Open AccessHost Determinants of HIV‐1 Control in African Americans
Author(s) -
Kimberly Pelak,
David Goldstein,
Sophie Nicole,
Jacques Fellay,
Dongliang Ge,
Kevin V. Shianna,
Curtis Gumbs,
Xiaojiang Gao,
Jessica M. Maia,
Kenneth Cronin,
S. K. Hussain,
Mary Carrington,
N L Michael,
Amy Weintrob
Publication year - 2010
Publication title -
the journal of infectious diseases
Language(s) - English
Resource type - Journals
SCImago Journal Rank - 2.69
H-Index - 252
eISSN - 1537-6613
pISSN - 0022-1899
DOI - 10.1086/651382
Subject(s) - snp , single nucleotide polymorphism , genetics , human leukocyte antigen , allele , biology , viral load , human immunodeficiency virus (hiv) , genome wide association study , genome , genetic association , gene , genotype , virology , virus , antigen
We performed a whole-genome association study of human immunodeficiency virus type 1 (HIV-1) set point among a cohort of African Americans (n = 515), and an intronic single-nucleotide polymorphism (SNP) in the HLA-B gene showed one of the strongest associations.
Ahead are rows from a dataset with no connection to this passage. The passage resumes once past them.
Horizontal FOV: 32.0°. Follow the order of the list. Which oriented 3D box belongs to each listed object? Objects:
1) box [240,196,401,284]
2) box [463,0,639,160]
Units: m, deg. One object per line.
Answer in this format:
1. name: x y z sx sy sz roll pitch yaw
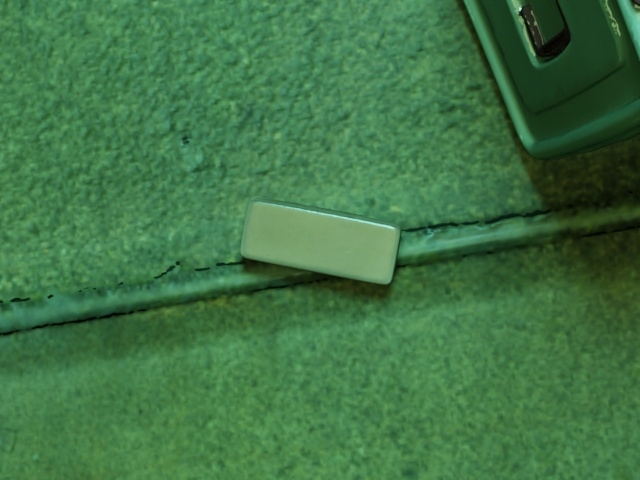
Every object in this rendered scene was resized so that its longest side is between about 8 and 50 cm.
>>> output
1. box: 0.000 0.000 0.812 0.115 0.025 0.048 10 99 7
2. box: 0.194 -0.168 0.656 0.167 0.294 0.193 -21 90 -3
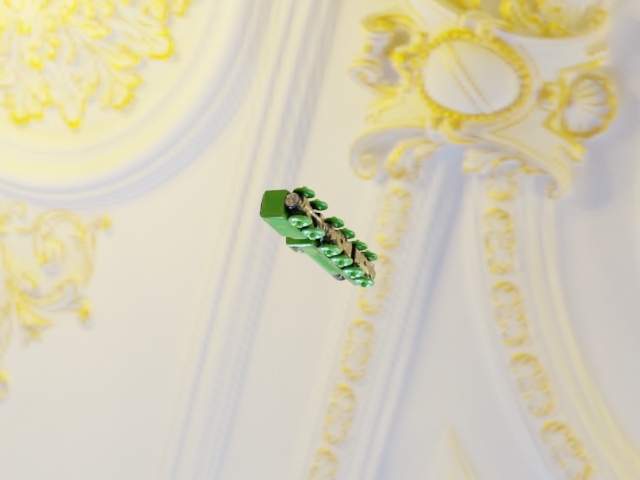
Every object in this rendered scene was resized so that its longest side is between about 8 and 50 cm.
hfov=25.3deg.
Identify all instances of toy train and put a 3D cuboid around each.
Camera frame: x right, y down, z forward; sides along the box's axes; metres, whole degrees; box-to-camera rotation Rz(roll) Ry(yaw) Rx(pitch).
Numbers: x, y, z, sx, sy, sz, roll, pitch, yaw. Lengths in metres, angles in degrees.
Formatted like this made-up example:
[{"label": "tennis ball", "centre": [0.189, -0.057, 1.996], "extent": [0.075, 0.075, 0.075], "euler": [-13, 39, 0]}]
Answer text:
[{"label": "toy train", "centre": [0.000, 0.000, 0.585], "extent": [0.024, 0.083, 0.017], "euler": [-3, -114, 24]}]
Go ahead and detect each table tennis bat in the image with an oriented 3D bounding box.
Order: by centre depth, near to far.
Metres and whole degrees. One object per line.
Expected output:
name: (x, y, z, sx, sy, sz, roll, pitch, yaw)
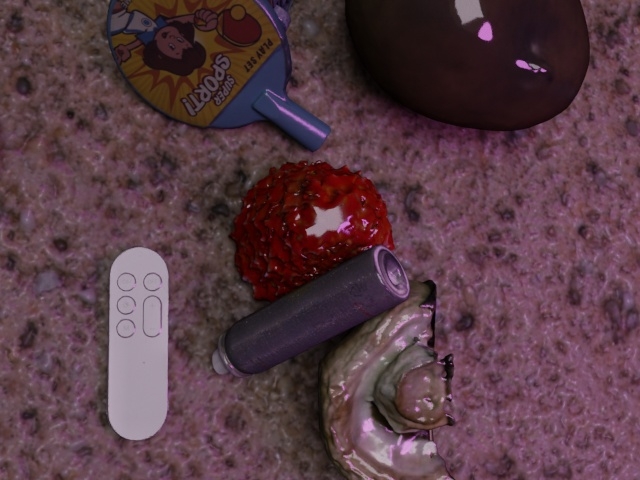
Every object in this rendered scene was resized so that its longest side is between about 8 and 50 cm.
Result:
table tennis bat: (-0.122, -0.224, 0.990, 0.329, 0.044, 0.215, 35, 120, -24)

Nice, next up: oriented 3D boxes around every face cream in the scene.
face cream: (-0.024, 0.097, 0.925, 0.283, 0.073, 0.073, -30, 88, 28)

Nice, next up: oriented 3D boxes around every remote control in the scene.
remote control: (-0.233, 0.131, 0.977, 0.077, 0.022, 0.245, 0, 81, -10)

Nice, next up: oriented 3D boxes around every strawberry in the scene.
strawberry: (0.000, 0.000, 0.971, 0.234, 0.178, 0.234, 0, 86, -6)

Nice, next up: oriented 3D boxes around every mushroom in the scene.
mushroom: (0.077, 0.184, 0.958, 0.164, 0.189, 0.267, -5, 106, 1)

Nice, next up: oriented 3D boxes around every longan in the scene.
longan: (0.200, -0.287, 1.012, 0.350, 0.288, 0.288, 23, 77, -19)

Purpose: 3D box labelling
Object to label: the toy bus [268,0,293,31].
toy bus: (-0.093, -0.385, 0.953, 0.157, 0.289, 0.139, 21, 77, 4)
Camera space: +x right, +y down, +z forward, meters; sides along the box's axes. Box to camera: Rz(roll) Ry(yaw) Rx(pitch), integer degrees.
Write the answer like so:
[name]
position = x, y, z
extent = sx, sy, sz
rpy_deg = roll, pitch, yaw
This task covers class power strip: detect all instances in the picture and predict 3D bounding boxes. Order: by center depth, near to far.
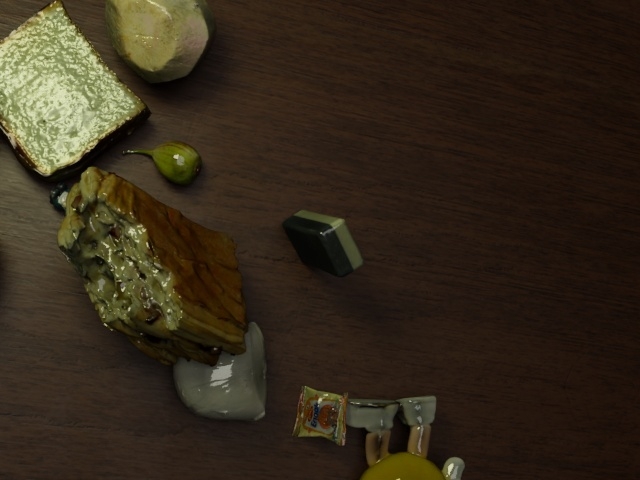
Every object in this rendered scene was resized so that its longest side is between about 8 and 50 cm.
[power strip]
position = 0.000, 0.000, 1.556
extent = 0.070, 0.256, 0.105
rpy_deg = -30, 106, -16

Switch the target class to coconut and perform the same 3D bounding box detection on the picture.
[coconut]
position = -0.326, -0.442, 1.555
extent = 0.237, 0.237, 0.197
rpy_deg = 41, 113, -6

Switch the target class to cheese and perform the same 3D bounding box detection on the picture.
[cheese]
position = -0.197, 0.264, 1.508
extent = 0.188, 0.154, 0.198
rpy_deg = -3, 82, -11

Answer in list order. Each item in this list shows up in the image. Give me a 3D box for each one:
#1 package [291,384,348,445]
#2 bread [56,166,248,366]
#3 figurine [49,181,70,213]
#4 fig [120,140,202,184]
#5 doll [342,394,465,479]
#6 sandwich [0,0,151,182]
[package]
position = 0.002, 0.363, 1.586
extent = 0.120, 0.031, 0.108
rpy_deg = 2, 75, 29
[bread]
position = -0.322, 0.069, 1.409
extent = 0.370, 0.191, 0.314
rpy_deg = 31, 32, -34
[figurine]
position = -0.468, -0.058, 1.524
extent = 0.149, 0.087, 0.086
rpy_deg = 25, 36, 2
[fig]
position = -0.326, -0.178, 1.578
extent = 0.166, 0.093, 0.093
rpy_deg = 28, 75, -9
[doll]
position = 0.149, 0.514, 1.572
extent = 0.348, 0.161, 0.423
rpy_deg = 20, 76, 11
[sandwich]
position = -0.534, -0.285, 1.529
extent = 0.271, 0.099, 0.301
rpy_deg = -40, 91, -12
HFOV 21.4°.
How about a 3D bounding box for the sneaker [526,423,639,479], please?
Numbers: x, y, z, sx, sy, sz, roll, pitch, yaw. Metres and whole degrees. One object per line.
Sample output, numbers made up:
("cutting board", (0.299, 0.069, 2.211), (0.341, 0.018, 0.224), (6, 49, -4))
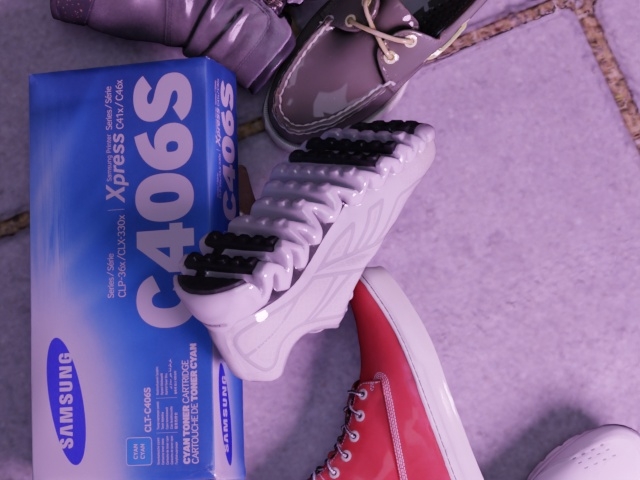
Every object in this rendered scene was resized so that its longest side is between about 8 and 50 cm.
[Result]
("sneaker", (0.181, 0.277, 1.386), (0.111, 0.129, 0.297), (35, 81, 6))

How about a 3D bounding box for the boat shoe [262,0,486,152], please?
("boat shoe", (0.067, -0.198, 1.476), (0.305, 0.091, 0.109), (-43, 84, -7))

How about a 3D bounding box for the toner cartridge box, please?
("toner cartridge box", (-0.154, 0.028, 1.418), (0.165, 0.075, 0.347), (-5, 82, 18))

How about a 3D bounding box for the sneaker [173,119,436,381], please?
("sneaker", (0.000, 0.000, 1.396), (0.292, 0.110, 0.118), (-43, 125, -34))

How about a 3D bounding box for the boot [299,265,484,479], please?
("boot", (0.025, 0.155, 1.425), (0.176, 0.088, 0.244), (-20, 86, -3))

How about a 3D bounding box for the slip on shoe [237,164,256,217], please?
("slip on shoe", (-0.079, -0.048, 1.472), (0.041, 0.051, 0.135), (-42, 77, -1))

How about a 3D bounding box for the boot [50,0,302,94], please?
("boot", (-0.085, -0.314, 1.474), (0.223, 0.118, 0.338), (17, 99, -6))
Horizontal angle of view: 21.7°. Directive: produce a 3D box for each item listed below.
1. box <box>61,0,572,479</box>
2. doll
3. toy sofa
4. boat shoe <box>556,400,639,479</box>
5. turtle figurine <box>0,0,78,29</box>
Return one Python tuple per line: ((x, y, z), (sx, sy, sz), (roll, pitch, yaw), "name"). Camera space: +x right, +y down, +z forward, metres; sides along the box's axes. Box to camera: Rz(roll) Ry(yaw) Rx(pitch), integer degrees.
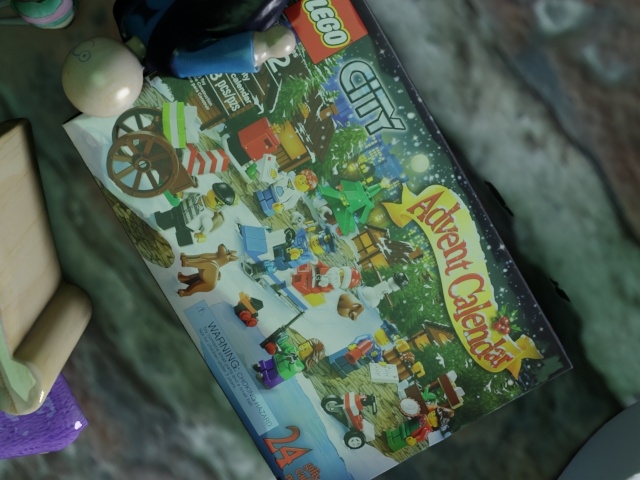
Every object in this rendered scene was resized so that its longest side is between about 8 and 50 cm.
((0.000, 0.000, 0.837), (0.159, 0.044, 0.233), (-30, 100, 6), "box")
((-0.045, -0.125, 0.782), (0.189, 0.129, 0.046), (-44, 137, -10), "doll")
((-0.299, 0.063, 0.799), (0.362, 0.150, 0.177), (-9, 100, 2), "toy sofa")
((0.148, 0.136, 0.867), (0.040, 0.049, 0.142), (39, 101, -26), "boat shoe")
((-0.163, -0.158, 0.758), (0.234, 0.118, 0.175), (-39, 119, 6), "turtle figurine")
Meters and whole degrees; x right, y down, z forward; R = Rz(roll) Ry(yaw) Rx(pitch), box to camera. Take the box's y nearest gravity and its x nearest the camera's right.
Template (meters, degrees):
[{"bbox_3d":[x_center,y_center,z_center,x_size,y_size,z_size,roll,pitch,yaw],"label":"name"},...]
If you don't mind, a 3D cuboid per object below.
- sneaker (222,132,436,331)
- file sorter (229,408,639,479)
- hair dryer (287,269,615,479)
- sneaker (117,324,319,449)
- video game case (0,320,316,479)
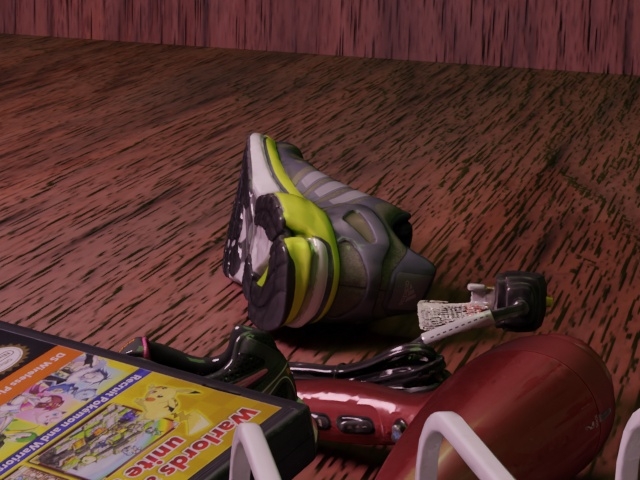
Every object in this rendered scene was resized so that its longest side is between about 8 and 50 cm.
[{"bbox_3d":[0.000,0.000,1.258,0.121,0.111,0.300,9,18,-13],"label":"sneaker"},{"bbox_3d":[0.110,0.147,0.482,0.277,0.173,0.193,-1,13,-10],"label":"file sorter"},{"bbox_3d":[0.046,0.104,0.915,0.223,0.080,0.293,-19,12,1],"label":"hair dryer"},{"bbox_3d":[-0.095,0.087,0.851,0.178,0.077,0.072,-16,14,-6],"label":"sneaker"},{"bbox_3d":[-0.181,0.119,0.715,0.248,0.035,0.275,11,31,35],"label":"video game case"}]
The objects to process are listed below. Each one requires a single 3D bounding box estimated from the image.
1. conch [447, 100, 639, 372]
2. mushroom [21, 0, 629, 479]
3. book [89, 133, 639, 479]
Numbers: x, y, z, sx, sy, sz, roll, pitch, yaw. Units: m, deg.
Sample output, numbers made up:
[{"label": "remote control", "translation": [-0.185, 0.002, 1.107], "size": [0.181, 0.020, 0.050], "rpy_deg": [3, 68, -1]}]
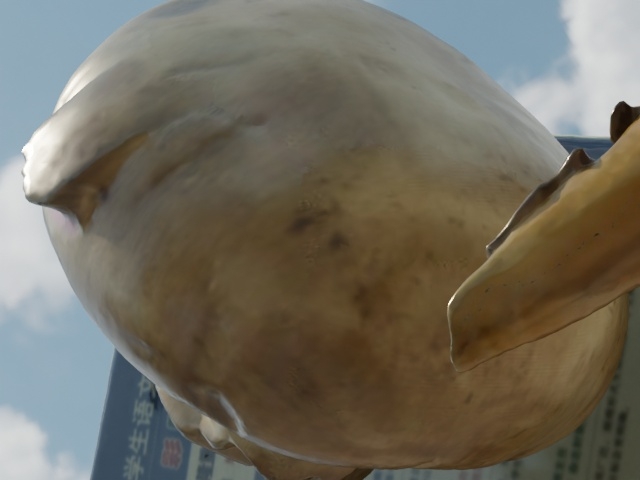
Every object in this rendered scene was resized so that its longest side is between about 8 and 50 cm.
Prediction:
[{"label": "conch", "translation": [0.181, -0.049, 0.563], "size": [0.330, 0.093, 0.109], "rpy_deg": [-33, -52, -1]}, {"label": "mushroom", "translation": [0.000, 0.000, 0.783], "size": [0.255, 0.255, 0.184], "rpy_deg": [5, -49, -32]}, {"label": "book", "translation": [0.060, 0.091, 0.964], "size": [0.428, 0.300, 0.039], "rpy_deg": [6, -8, 37]}]
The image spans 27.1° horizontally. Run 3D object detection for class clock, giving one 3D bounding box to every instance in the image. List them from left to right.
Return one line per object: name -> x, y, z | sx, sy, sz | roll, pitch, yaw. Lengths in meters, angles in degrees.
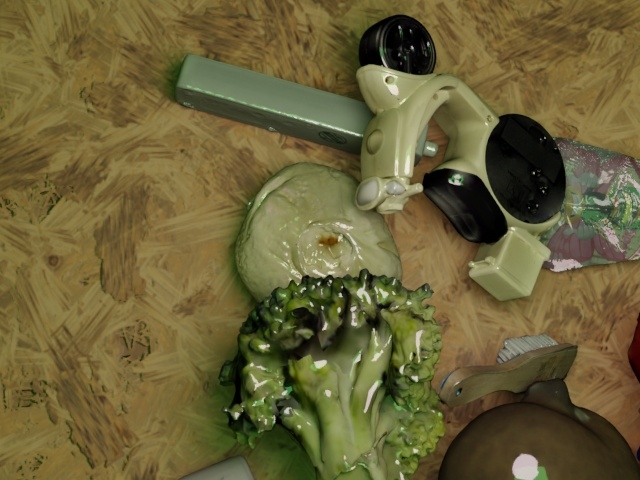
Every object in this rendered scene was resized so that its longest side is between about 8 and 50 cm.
clock -> 0.178, -0.108, 1.816 | 0.379, 0.120, 0.276 | 34, 63, -22

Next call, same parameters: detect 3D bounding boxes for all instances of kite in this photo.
kite -> 0.477, -0.048, 1.915 | 0.360, 0.022, 0.204 | 3, 78, 9

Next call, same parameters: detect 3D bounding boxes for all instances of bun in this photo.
bun -> 0.000, 0.000, 1.844 | 0.244, 0.153, 0.243 | 2, 77, -7

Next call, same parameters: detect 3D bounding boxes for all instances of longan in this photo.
longan -> 0.294, 0.333, 1.761 | 0.300, 0.243, 0.300 | 7, 80, -43

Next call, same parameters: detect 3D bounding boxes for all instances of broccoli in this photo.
broccoli -> 0.020, 0.217, 1.713 | 0.293, 0.281, 0.347 | -9, 123, -1

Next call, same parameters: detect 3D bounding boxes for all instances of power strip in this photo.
power strip -> -0.016, -0.181, 1.900 | 0.385, 0.091, 0.062 | 15, 77, -2

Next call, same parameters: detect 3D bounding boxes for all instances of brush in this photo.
brush -> 0.243, 0.170, 1.785 | 0.065, 0.327, 0.070 | 38, 114, 29

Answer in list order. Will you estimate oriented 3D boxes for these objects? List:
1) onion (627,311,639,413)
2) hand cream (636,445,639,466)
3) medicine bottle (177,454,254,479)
onion -> 0.588, 0.194, 1.776 | 0.341, 0.341, 0.341 | 1, 81, -4
hand cream -> 0.477, 0.329, 1.842 | 0.039, 0.163, 0.062 | 26, 72, 43
medicine bottle -> -0.164, 0.365, 1.794 | 0.168, 0.105, 0.105 | -21, 83, -8
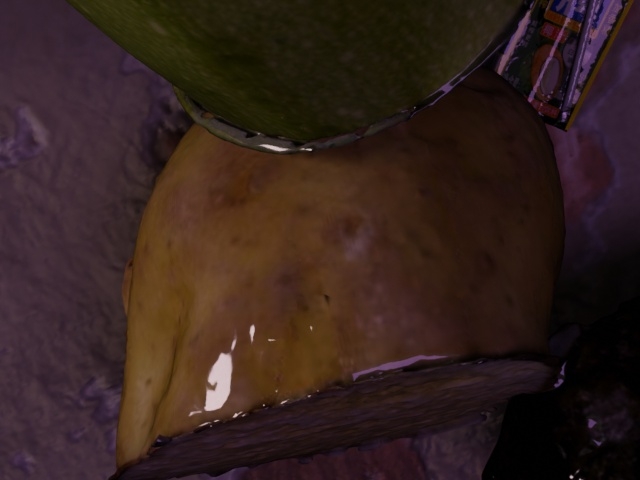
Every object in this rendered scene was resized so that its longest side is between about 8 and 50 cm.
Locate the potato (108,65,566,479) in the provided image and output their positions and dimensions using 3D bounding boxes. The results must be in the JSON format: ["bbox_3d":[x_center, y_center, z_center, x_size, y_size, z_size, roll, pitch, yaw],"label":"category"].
[{"bbox_3d":[0.000,0.000,0.880,0.289,0.301,0.237,-7,75,-19],"label":"potato"}]

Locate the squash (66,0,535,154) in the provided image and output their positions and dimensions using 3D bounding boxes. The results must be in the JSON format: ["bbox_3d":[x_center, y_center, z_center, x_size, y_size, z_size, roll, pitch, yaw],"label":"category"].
[{"bbox_3d":[-0.061,-0.231,0.671,0.263,0.263,0.384,-41,140,5],"label":"squash"}]

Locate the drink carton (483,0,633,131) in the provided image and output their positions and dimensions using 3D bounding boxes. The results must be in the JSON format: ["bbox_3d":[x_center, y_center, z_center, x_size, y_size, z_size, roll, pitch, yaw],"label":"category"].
[{"bbox_3d":[0.161,-0.161,0.936,0.071,0.056,0.165,18,107,-23],"label":"drink carton"}]

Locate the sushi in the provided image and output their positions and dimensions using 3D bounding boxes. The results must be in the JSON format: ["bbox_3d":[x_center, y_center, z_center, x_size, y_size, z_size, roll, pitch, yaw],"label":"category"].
[{"bbox_3d":[0.284,0.136,0.985,0.349,0.207,0.234,-27,144,-20],"label":"sushi"}]
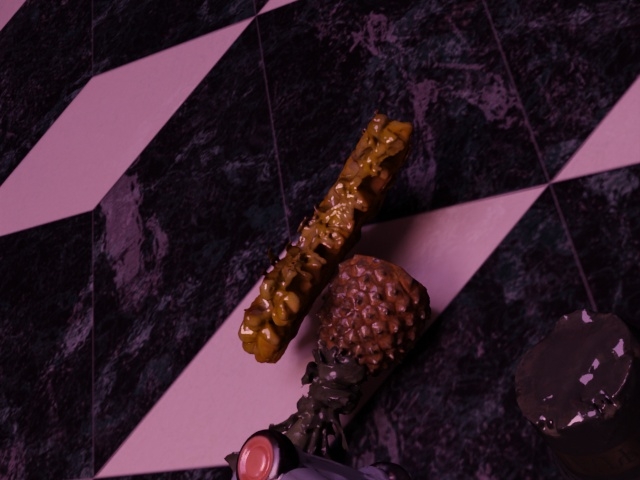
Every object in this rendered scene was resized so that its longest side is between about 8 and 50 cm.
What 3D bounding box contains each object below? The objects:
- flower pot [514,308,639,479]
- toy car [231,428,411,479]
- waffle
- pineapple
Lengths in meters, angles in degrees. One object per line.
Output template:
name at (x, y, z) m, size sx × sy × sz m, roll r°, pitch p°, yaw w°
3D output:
flower pot at (0.243, 0.134, 1.270) m, size 0.157 × 0.107 × 0.157 m, roll -29°, pitch 41°, yaw 29°
toy car at (0.015, 0.306, 1.303) m, size 0.270 × 0.181 × 0.212 m, roll 22°, pitch 90°, yaw 50°
waffle at (0.000, 0.000, 1.575) m, size 0.293 × 0.069 × 0.260 m, roll -55°, pitch -5°, yaw -17°
pineapple at (0.005, 0.150, 1.505) m, size 0.130 × 0.119 × 0.277 m, roll 21°, pitch 75°, yaw 33°
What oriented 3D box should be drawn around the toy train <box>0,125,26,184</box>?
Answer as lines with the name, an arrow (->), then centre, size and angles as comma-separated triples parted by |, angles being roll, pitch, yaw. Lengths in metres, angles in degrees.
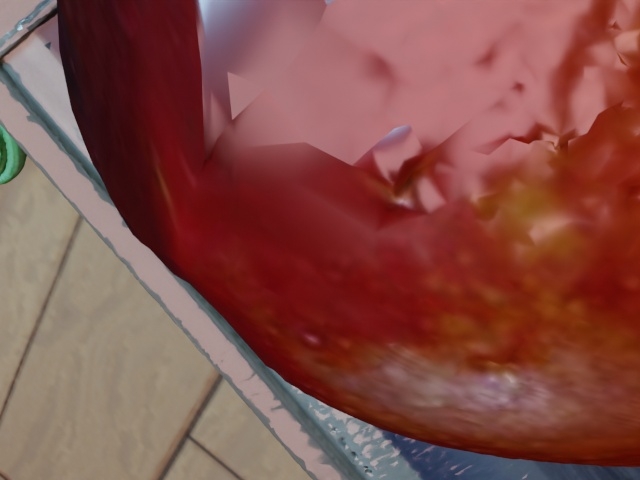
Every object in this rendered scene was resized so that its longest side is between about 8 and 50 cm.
toy train -> -0.214, -0.150, 0.920 | 0.243, 0.132, 0.188 | 26, 133, 17

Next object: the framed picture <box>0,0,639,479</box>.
framed picture -> 0.062, -0.027, 0.765 | 0.326, 0.028, 0.446 | -37, 99, 24

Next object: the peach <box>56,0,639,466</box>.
peach -> 0.096, -0.105, 0.487 | 0.388, 0.388, 0.388 | 23, 136, 23
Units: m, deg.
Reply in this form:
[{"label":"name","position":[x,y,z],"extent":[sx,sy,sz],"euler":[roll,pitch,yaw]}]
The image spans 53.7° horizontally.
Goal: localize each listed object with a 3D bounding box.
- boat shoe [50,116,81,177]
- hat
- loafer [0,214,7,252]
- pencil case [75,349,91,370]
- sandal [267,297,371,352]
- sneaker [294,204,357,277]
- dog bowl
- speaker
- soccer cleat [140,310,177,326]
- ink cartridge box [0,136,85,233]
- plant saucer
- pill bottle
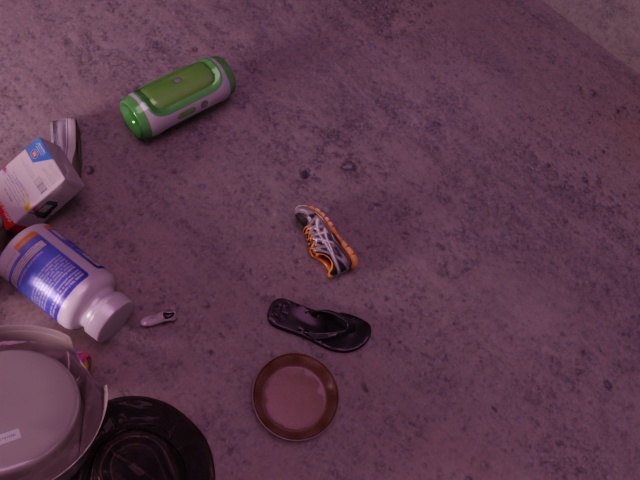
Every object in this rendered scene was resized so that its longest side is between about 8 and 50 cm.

We use a subset of patients to demonstrate that this SNP reflects the effect of the HLA-B*5703 allele, which shows a genome-wide statistically significant association with viral load set point (P = 5.6 x 10(-10)). These analyses therefore confirm a member of the HLA-B*57 group of alleles as the most important common variant that influences viral load variation in African Americans, which is consistent with what has been observed for individuals of European ancestry, among whom the most important common variant is HLA-B*5701.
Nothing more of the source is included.